First of all, let me tell what I've done for security right now.
I've escaped all inputs. But, to remain further safe, I allow only certain characters in a field. A server-side validation checks that. The following is a list of fields and what characters I accept for example.
During registration:
- Name(alphabets and period)
- Username(alphanumeric characters, underscore and period)
- Password(alphanumeric characters, underscore and period)
- Phone(numbers only)
- Address(alpha-numeric, comma and period)
But, I can't find anything else to secure my application. I know password isn't an issue because irrespective of the characters entered, they will be hashed. So, I guess, I can accept any character. But, the main issue is for other fields. All these ridiculous validation, I guess, irritates my users to every bit.
But, the saddest thing starts when a user wants to post an article. For posting an article, there are 4 fields that need to be filled; Title, Summary, Article and Tags.
Just imagine how annoying it must be when the Title allows nothing but alphabets, space and numbers(!,? also). And, the field "Summary" also accepts the same as the Title. And, all this simply so that I can secure the web application! Ridiculous, isn't it?

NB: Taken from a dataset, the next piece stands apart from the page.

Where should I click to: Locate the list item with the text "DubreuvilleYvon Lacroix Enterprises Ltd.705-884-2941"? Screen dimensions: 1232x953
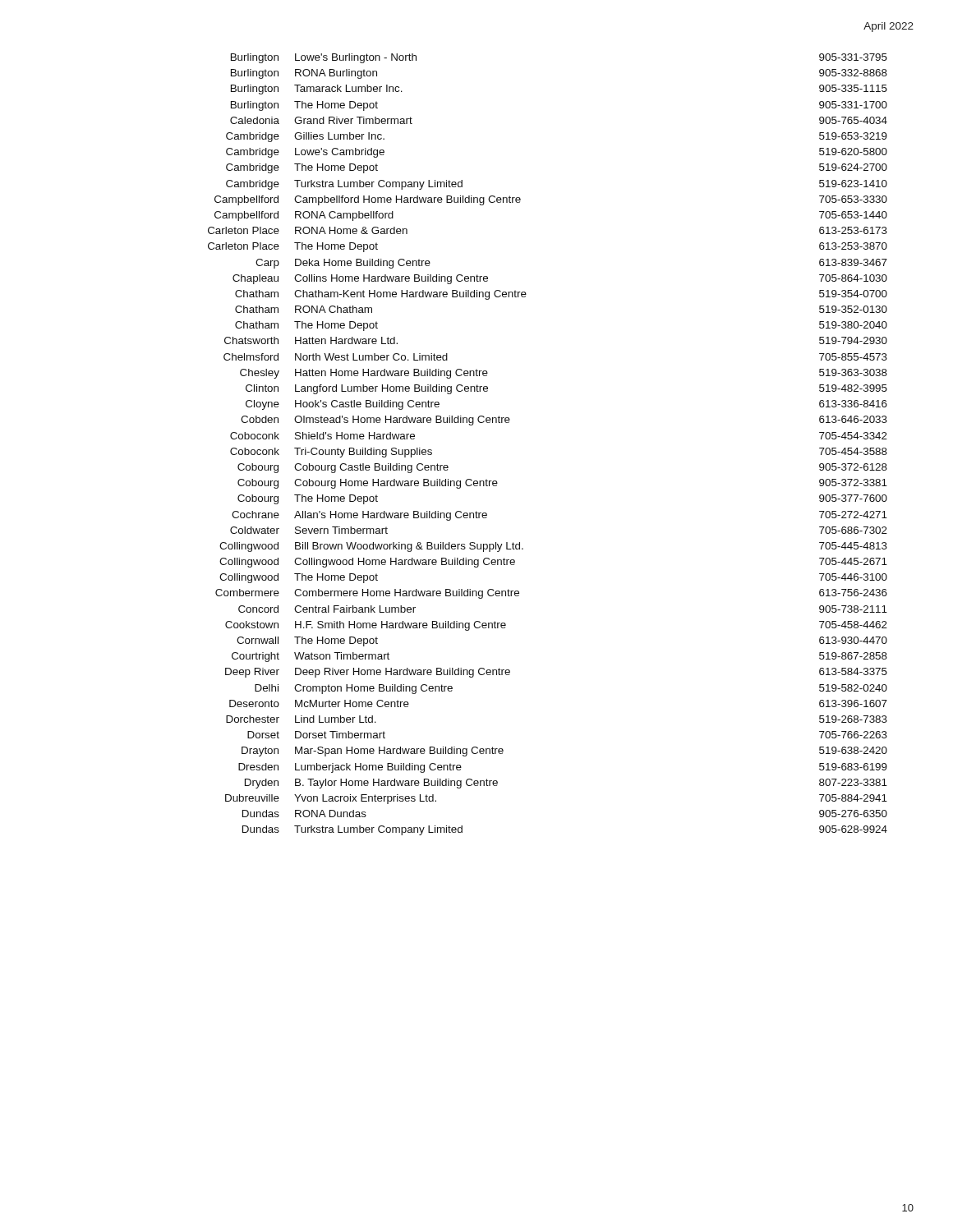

For the article field, I've used ckeditor(http://ckeditor.com/). So, I haven't done anything as I guess it does the escaping, converting to HTMLchars and all by itself.
Now, the article field accepts Unicode characters(I mean characters in other scripts) but the title and summary doesn't. And, most of my users don't publish in English. So, in a way, the application is being useless.
So, this is basically an issue of making it user-friendly vs. security. I know there are other much better ways of ensuring security than what I've done and that's what I wanna ask you people.
I was thinking that since I don't "Select" any data on any of the above parameters(title, tags, summary, address), I can simply escape the characters and convert them to HTMLchars if they are printed on a page somewhere. But I'm not so sure if that much will be secure enough. Will it?
So, this is all! I just need something stronger to prevent SQL injection(and XSS). I know that using Prepared Statements or PDO is the best thing to do. But, I'm an extremely new beginner in all this and I can't find any simple tutorial. If you know of any, it'd be really kind of you to tell me.
Yeah! That's all! And, one more thing, most of my users don't seem to activate their account(through the email the application sends). But, I guess, that's vital to verify the email. So, is there anything that can be done? Any better idea?
P.S.: I use SQL and not SQLi. And, if I need to convert my app. from sql to sqli, can I use some sort of scripts? I came across one at http://dev.mysql.com/get/Downloads/Cont ... /from/pick.
Sorry for my poor English and hope someone will help!